Plain in the city

A plain Quaker folk singer with a Juris Doctorate in his back pocket, salt in his blood, and a set of currach oars in the closet, Ulleann Pipes under his arm, guitar on his back, Anglo Irish baggage, wandering through New York City ... in constant amaze. Statement of Faithfulness. As a member of the Quaker Bloggers Ad Hoc Committee I affirm that I will be faithful to the Book of Discipline of my Meeting 15th Street Monthly Meeting of the Religious Society of Friends.

Thursday, November 06, 2008

What are God's Politics?

As a comment to the above photo, I recieved the following and replied as follows...

Bruce Thomas Benda said: Why do WE need to redouble OUR commitment? I thought you all voted for this guy because you thought he has it covered. Even though we don't have a great understanding how. Just the HOPE. Why would God send someone who won't fight for helpless unborn babies or that supports gays or associates with a killer and PLO supporter. Not very Godly. I was just wondering. Nice photo though.

Well, Bruce:
No one has it all covered. As the son of a former coal miner, I hope President Obama will learn that there is no such thing as clean coal, and as a Quaker, I hope he learns that fear and the word enemy are related, and as Jesus reminded us, the way to perfect love is to abandon fear, and stop making war.

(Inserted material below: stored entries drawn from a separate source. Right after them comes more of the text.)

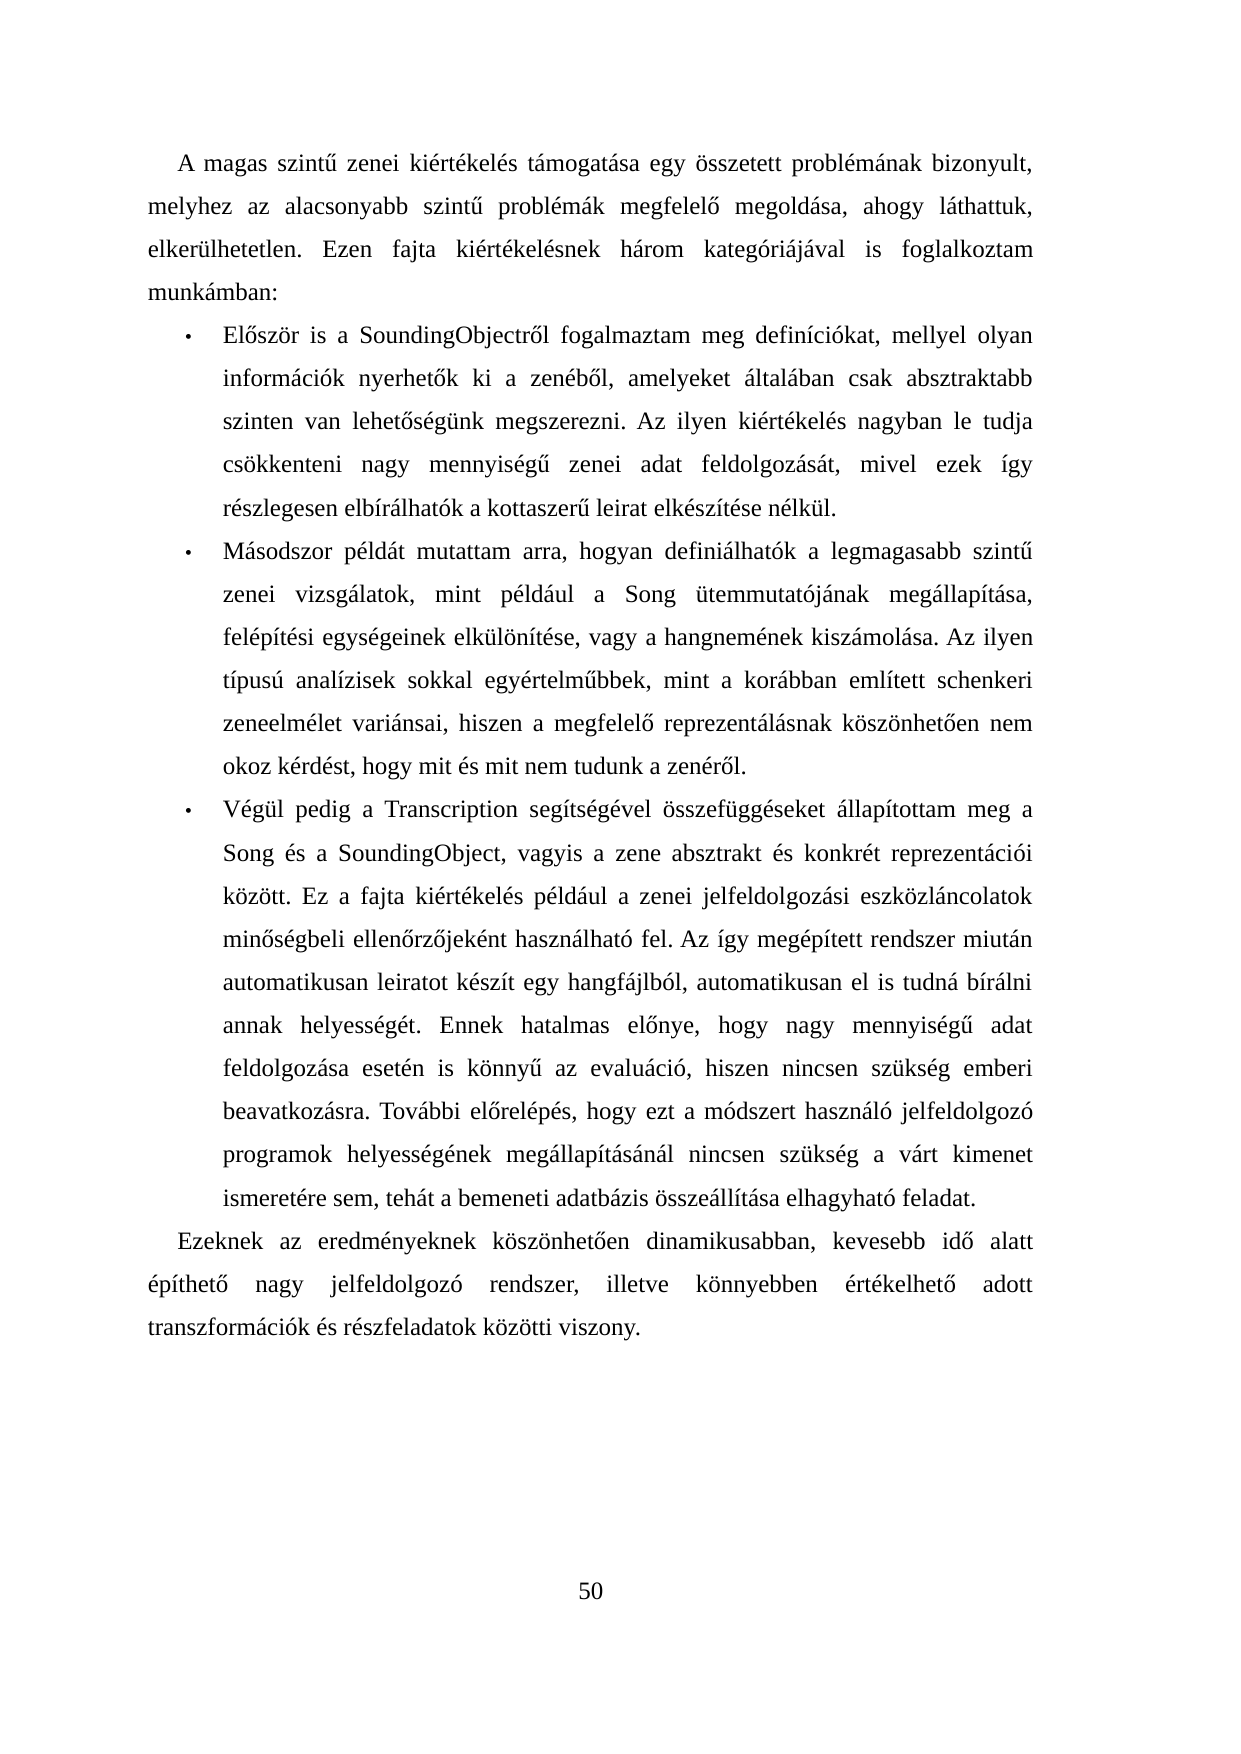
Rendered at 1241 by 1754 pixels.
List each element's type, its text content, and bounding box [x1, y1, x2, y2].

list Másodszor példát mutattam arra, hogyan definiálhatók a legmagasabb szintű zenei vizsgálatok, mint például a Song ütemmutatójának megállapítása, felépítési egységeinek elkülönítése, vagy a hangnemének kiszámolása. Az ilyen típusú analízisek sokkal egyértelműbbek, mint a korábban említett schenkeri zeneelmélet variánsai, hiszen a megfelelő reprezentálásnak köszönhetően nem okoz kérdést, hogy mit és mit nem tudunk a zenéről. [185, 536, 1033, 780]
text Ezeknek az eredményeknek köszönhetően dinamikusabban, kevesebb idő alatt építhető nagy jelfeldolgozó rendszer, illetve könnyebben értékelhető adott transzformációk és részfeladatok közötti viszony. [148, 1226, 1033, 1341]
list Végül pedig a Transcription segítségével összefüggéseket állapítottam meg a Song és a SoundingObject, vagyis a zene absztrakt és konkrét reprezentációi között. Ez a fajta kiértékelés például a zenei jelfeldolgozási eszközláncolatok minőségbeli ellenőrzőjeként használható fel. Az így megépített rendszer miután automatikusan leiratot készít egy hangfájlból, automatikusan el is tudná bírálni annak helyességét. Ennek hatalmas előnye, hogy nagy mennyiségű adat feldolgozása esetén is könnyű az evaluáció, hiszen nincsen szükség emberi beavatkozásra. További előrelépés, hogy ezt a módszert használó jelfeldolgozó programok helyességének megállapításánál nincsen szükség a várt kimenet ismeretére sem, tehát a bemeneti adatbázis összeállítása elhagyható feladat. [185, 794, 1033, 1211]
list Először is a SoundingObjectről fogalmaztam meg definíciókat, mellyel olyan információk nyerhetők ki a zenéből, amelyeket általában csak absztraktabb szinten van lehetőségünk megszerezni. Az ilyen kiértékelés nagyban le tudja csökkenteni nagy mennyiségű zenei adat feldolgozását, mivel ezek így részlegesen elbírálhatók a kottaszerű leirat elkészítése nélkül. [185, 320, 1033, 521]
text A magas szintű zenei kiértékelés támogatása egy összetett problémának bizonyult, melyhez az alacsonyabb szintű problémák megfelelő megoldása, ahogy láthattuk, elkerülhetetlen. Ezen fajta kiértékelésnek három kategóriájával is foglalkoztam munkámban: [148, 148, 1033, 306]

But, the world is not about absolutes. When we assign to God our own political beliefs and prejudices, though it might be a wonderful rhetorical device, after all, who can argue with God?! It does put God in a much smaller box than the infinite nature God must choose to be. In short, a God who can be quoted is hardly likely to be God at all.

This does not mean God does not speak to all -- in that still small voice, ever present voice of love. I am not sure that God does not love gay people or the PLO, anymore than God once allowed a world where people of Obama's complexion were once held in slavery. After the events of September 11, an Innu friend of mine sent me a letter reminding me that God sends these things to teach us to fly, not as a punishment.

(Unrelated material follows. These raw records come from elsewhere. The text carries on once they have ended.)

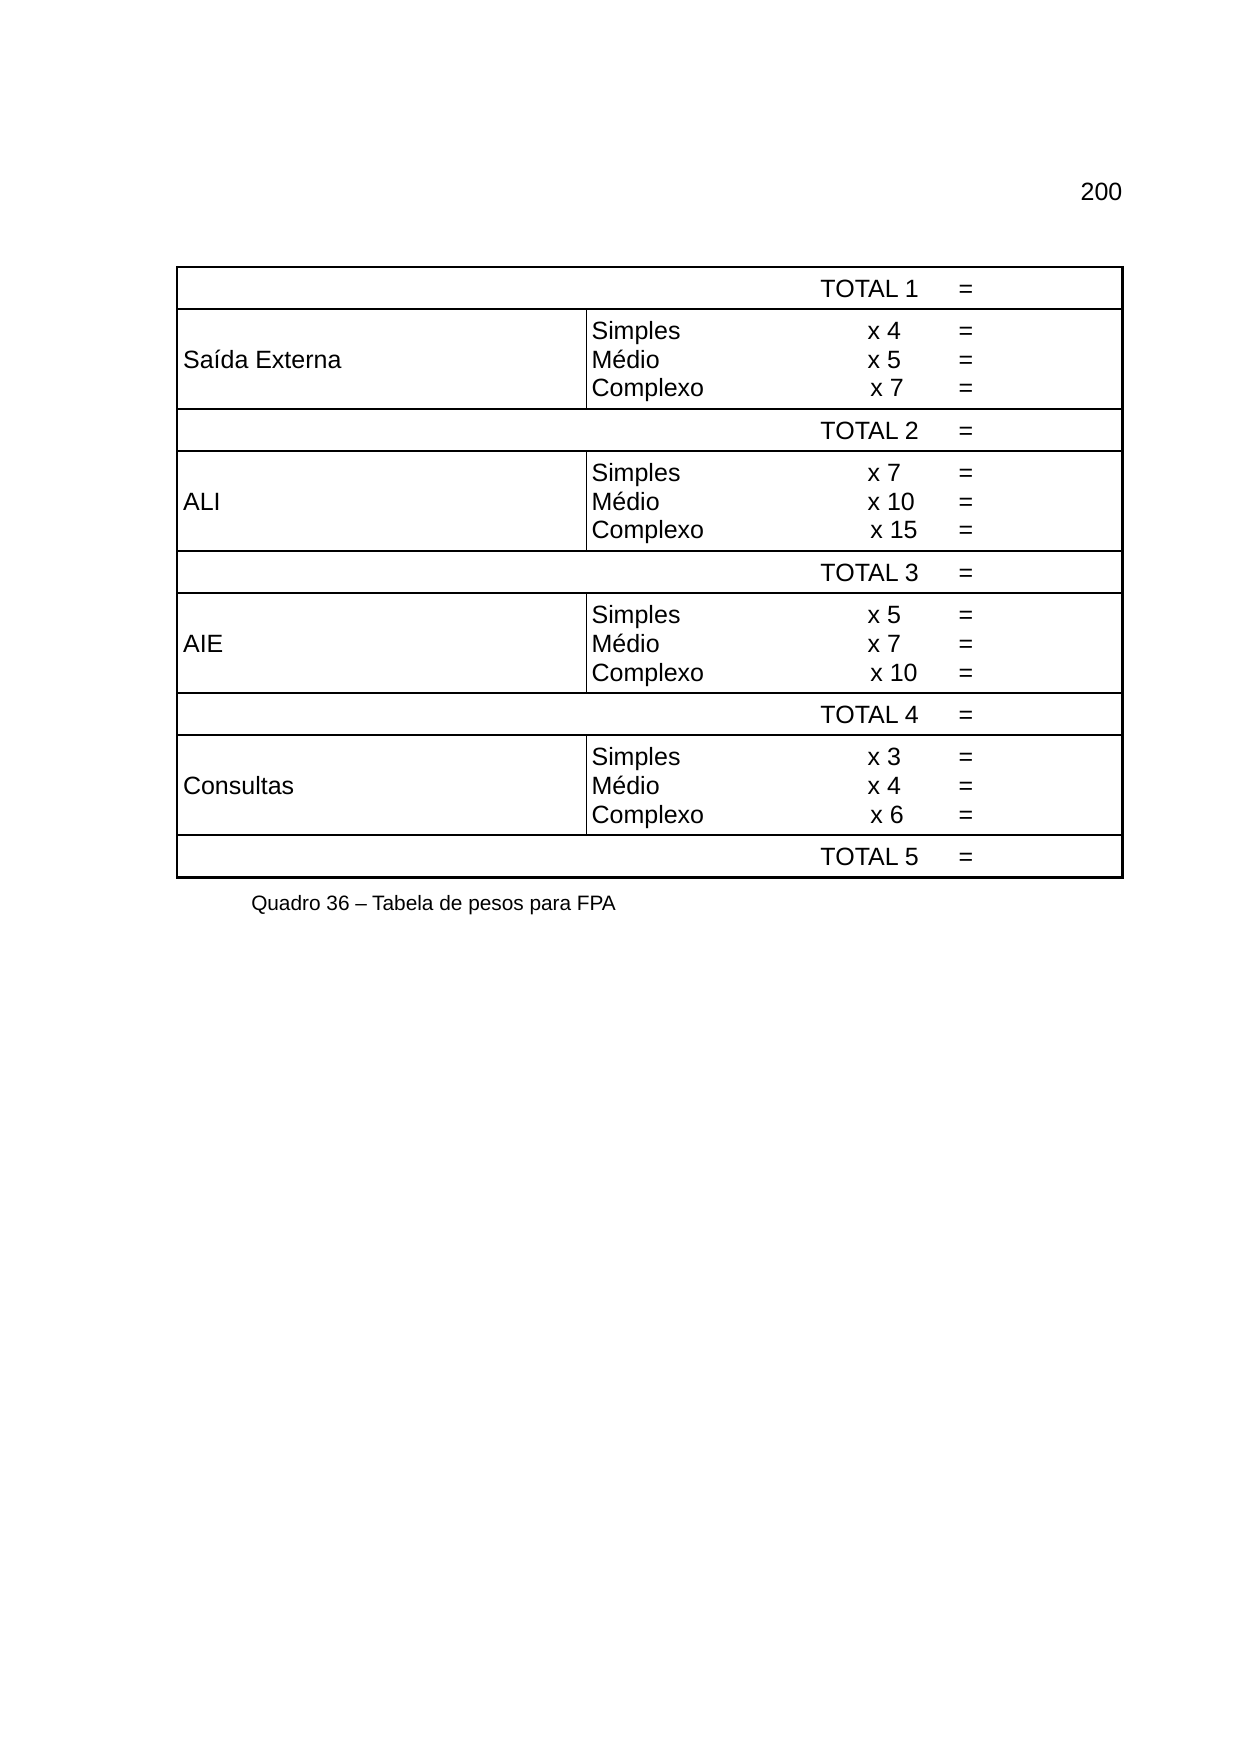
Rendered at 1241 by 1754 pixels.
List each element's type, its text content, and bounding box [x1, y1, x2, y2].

table_cell = = = [953, 594, 1121, 692]
table_cell Simples x 4 Médio x 5 Complexo x 7 [587, 310, 953, 408]
table_cell = = = [953, 310, 1121, 408]
table_cell TOTAL 1 [178, 268, 953, 308]
table_cell Simples x 3 Médio x 4 Complexo x 6 [587, 736, 953, 834]
table_cell Simples x 7 Médio x 10 Complexo x 15 [587, 452, 953, 550]
table_cell TOTAL 5 [178, 836, 953, 876]
table_cell TOTAL 3 [178, 552, 953, 592]
table_cell Consultas [178, 736, 586, 834]
table_cell Saída Externa [178, 310, 586, 408]
text Quadro 36 – Tabela de pesos para FPA [177, 891, 1122, 915]
table_cell = = = [953, 452, 1121, 550]
table_cell = [953, 552, 1121, 592]
table_cell TOTAL 2 [178, 410, 953, 450]
table_cell TOTAL 4 [178, 694, 953, 734]
table_cell = = = [953, 736, 1121, 834]
table_cell AIE [178, 594, 586, 692]
table_cell = [953, 836, 1121, 876]
table_cell ALI [178, 452, 586, 550]
table_cell = [953, 268, 1121, 308]
table_cell = [953, 694, 1121, 734]
table_cell = [953, 410, 1121, 450]
table_cell Simples x 5 Médio x 7 Complexo x 10 [587, 594, 953, 692]

What we do in the darkness of pain, such as that caused by the struggles of Israelis and Palestinians leads us to love and light, or fear and loss. To respond to the darkness of fear with violence digs the hole of revenge deeper and deeper, no matter which side you feel calls you to justice. War never seems to me to have been an answer, it always seemed to me to have been the problem expressed.

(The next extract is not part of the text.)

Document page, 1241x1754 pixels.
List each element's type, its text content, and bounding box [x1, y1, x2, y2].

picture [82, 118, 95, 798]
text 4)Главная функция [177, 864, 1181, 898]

It is not an easy thing to live our faith, what ever that faith may be. It is not easy to face our fears with love, to grow towards those who cause us pain. Religious faith and politics are remarkably hard to juggle together. We Quakers turned away from that attempt after our failed attempt at a theocratic state, in the Pennsylvania colony. We found that politics is seldom about truth, it is about power.

I am very fond of your photos as well, they share a great deal of light.
Finally, a unified nation, like a unified family of God, does not mean one where we all see things the same, just that we eat at the same table, and feed each other.

In the light of God who loves us all


At 12:31 PM, Blogger Tammy said...

so glad to see that you're posting again. and once again, I'm reading aloud to my husband the things you write. you write in a way that invites discussion; something of a lost art.

At 12:44 PM, Blogger Lorcan said...

Thank'ee Tammy, nice of thee to say. I am taking care of my mother, seven days a week these days, and don't get much time to write. She is a joyous handful.